Alternatively, the female may wrap the leaf of an aquatic plant
around each egg as it is laid. This
wrapping protects the egg from predators.
Figure 5. A female newt laying
her eggs. From
Stebbins & Cohen 1995.
|
|

- Larvae.- Small larvae with bushy gills hatch from
the eggs. At first, the larvae have
only front legs. When they get bigger,
they develop hind legs as well. The
larvae feed on aquatic insects and crustaceans.
- Young newts. In September, the larvae lose their
gills, develop rough skin and walk out of the pond onto land. They now resemble the adults but are
much smaller (two
inches long). Over the next several
years, the young newts live in the forest, eating worms and insects. When they reach adult size, they return
to the pond to breed.
- Predators.- Young and adult newts are protected from
most predators by powerful toxins (tetrodotoxin) in their skin. Because of these toxins, newts are
avoided by most bird and mammal predators.
Some garter snakes, however, are resistant to newt toxins. They can eat newts without any
problems. Garter snakes are thought
to be the major predators of newts.
- Newt safety – The same toxins that
protect newts from predators can irritate your eyes, nose and mouth. It is safe for you to carefully handle
newts, but you should wash your hands afterwards and avoid touching your
nose, eyes and mouth.
REFERENCES
Arnold,
S.J., 1977. The
courtship behavior of North American salamanders with some comments on Old World salamandrids.
pp. 141-183 IN: D. Taylor
and S. Guttman (eds.), The
Reproductive Biology of Amphibians. Plenum Press, New
York.
Brodie, E. D., Jr., B. J. Ridenhour, and E. D. Brodie III.
2002. The evolutionary response of predators to dangerous prey: Hotspots and
coldspots in the geographic mosaic of coevolution between garter snakes and
newts. Evolution 56:2067-2082.
Davis, W. C. and
V. C. Twitty. 1964. Courtship
behavior and reproductive isolation in the species of Taricha (Amphibia, Caudata). Copeia 1964: 601-610.

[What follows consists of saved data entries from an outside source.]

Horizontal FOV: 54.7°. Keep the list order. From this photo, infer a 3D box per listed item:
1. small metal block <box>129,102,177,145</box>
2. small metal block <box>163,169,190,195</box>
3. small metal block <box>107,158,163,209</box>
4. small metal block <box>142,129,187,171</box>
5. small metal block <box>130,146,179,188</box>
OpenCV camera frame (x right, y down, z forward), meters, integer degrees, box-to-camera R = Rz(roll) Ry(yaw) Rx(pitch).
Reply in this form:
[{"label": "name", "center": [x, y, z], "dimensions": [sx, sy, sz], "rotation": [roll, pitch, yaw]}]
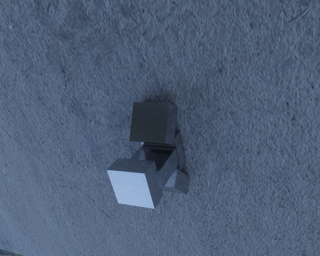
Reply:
[{"label": "small metal block", "center": [-0.008, -0.006, 0.392], "dimensions": [0.050, 0.025, 0.050], "rotation": [3, 84, 27]}, {"label": "small metal block", "center": [0.008, 0.073, 0.431], "dimensions": [0.050, 0.025, 0.050], "rotation": [2, 160, 27]}, {"label": "small metal block", "center": [-0.029, 0.064, 0.365], "dimensions": [0.050, 0.025, 0.050], "rotation": [1, 119, 27]}, {"label": "small metal block", "center": [0.005, 0.029, 0.423], "dimensions": [0.050, 0.025, 0.050], "rotation": [2, 120, 26]}, {"label": "small metal block", "center": [-0.011, 0.048, 0.393], "dimensions": [0.050, 0.050, 0.025], "rotation": [3, 120, 26]}]
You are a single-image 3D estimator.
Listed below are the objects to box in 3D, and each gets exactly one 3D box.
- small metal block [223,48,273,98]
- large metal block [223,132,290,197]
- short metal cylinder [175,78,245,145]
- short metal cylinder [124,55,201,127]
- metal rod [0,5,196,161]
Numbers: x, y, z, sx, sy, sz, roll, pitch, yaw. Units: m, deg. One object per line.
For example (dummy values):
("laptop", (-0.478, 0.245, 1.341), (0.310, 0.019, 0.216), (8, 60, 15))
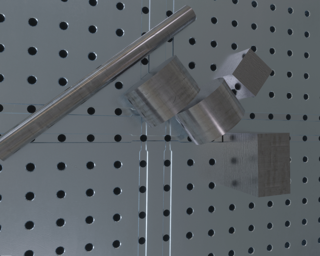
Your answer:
("small metal block", (0.131, -0.081, 0.461), (0.050, 0.025, 0.050), (39, 78, -16))
("large metal block", (0.132, 0.046, 0.433), (0.050, 0.080, 0.079), (-1, 91, -20))
("short metal cylinder", (0.063, -0.022, 0.407), (0.080, 0.080, 0.050), (-40, 103, -16))
("short metal cylinder", (0.003, -0.046, 0.385), (0.080, 0.080, 0.050), (-42, 104, -15))
("metal rod", (-0.071, -0.065, 0.386), (0.301, 0.025, 0.025), (-40, 103, -16))
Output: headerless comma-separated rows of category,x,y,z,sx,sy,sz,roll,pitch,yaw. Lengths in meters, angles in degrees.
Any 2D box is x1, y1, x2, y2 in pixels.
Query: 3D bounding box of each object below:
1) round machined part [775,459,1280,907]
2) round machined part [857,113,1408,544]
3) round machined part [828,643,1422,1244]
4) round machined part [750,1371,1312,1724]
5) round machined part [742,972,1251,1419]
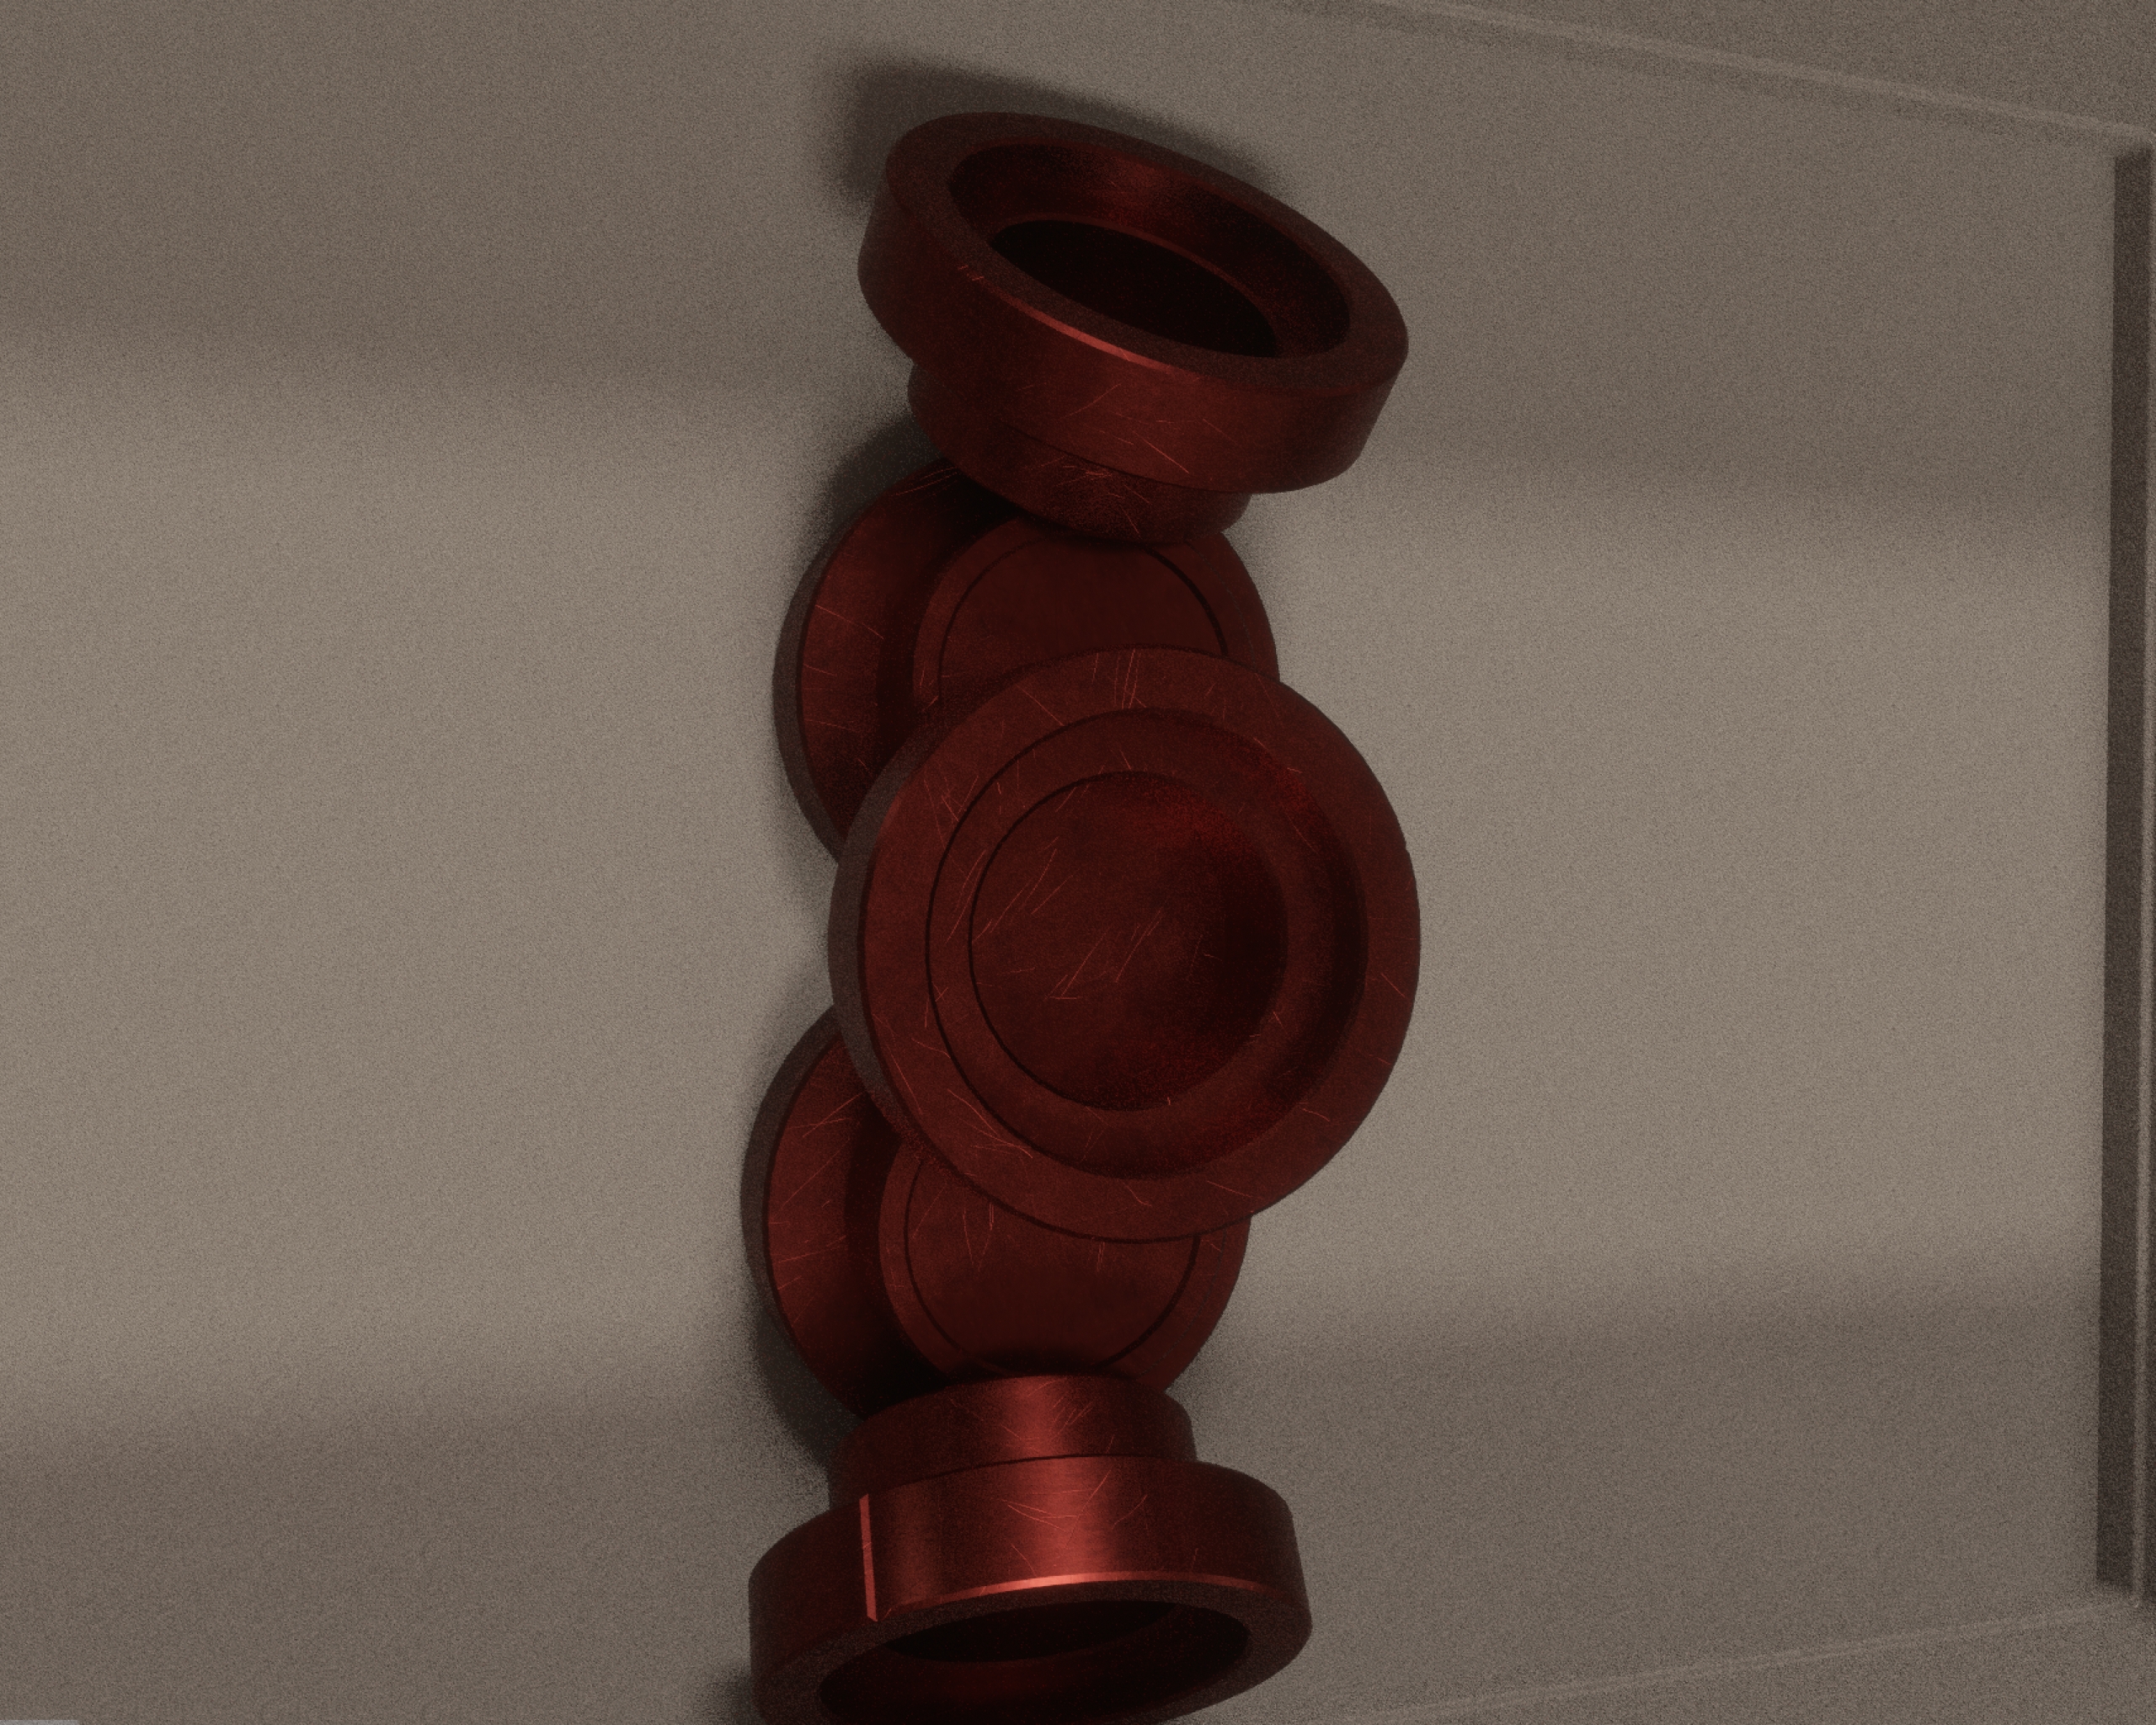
round machined part,-0.005,-0.032,0.398,0.099,0.042,0.097,0,90,-21
round machined part,0.007,-0.095,0.384,0.099,0.098,0.042,8,130,-20
round machined part,0.005,0.013,0.357,0.099,0.042,0.097,0,90,-21
round machined part,-0.010,0.126,0.378,0.099,0.097,0.042,7,50,-20
round machined part,-0.011,0.065,0.396,0.099,0.042,0.097,0,90,-21

Houck, L. D. and S. J. Arnold. 2003. Courtship and mating
behavior. Pp. 383-424 IN: D. Sever (ed.), Reproductive Biology and
Phylogeny of Urodela. M/s
Science Publications, Endfield, NH.
Propper,
C.R. 1991. Courtship in the
rough-skinned newt Taricha granulosa.
Animal Behaviour. 41:547-554.
Jones, A. G., E. M. Adams and S. J. Arnold. 2002. Topping off: a mechanism of sperm competition in a
vertebrate. Proc. Natl. Acad. Sci.
U.S.A. 99: 2078-2081.
Jones, A. G., J. R. Arguello and S. J. Arnold. 2002. Validation of Bateman’s principles: a genetic
study of sexual selection and mating patterns in newts. Proc. Roy. Soc. London B. 269: 2533-2539.
Stebbins, R. C.
1962. Amphibians of Western North America. Univ. California
Press, Berkeley, CA.
Stebbins, R. C. & N. W. Cohen. 1995. A Natural History of Amphibians. Princeton Univ. Press,
Princeton, NJ.
Titus, T. A. and A. Larson. 1995. A molecular phylogenetic
perspective on the evolutionary radiation of the salamander family
Salamandridae. Systematic Biology
44:125-151.
Zeller, E. 1905.
Untersuchungen über die Samenträger und den Kloakenwulst der Tritonen.
Zeitschrift für wissenshaftliche Zoologie 79: 171-221.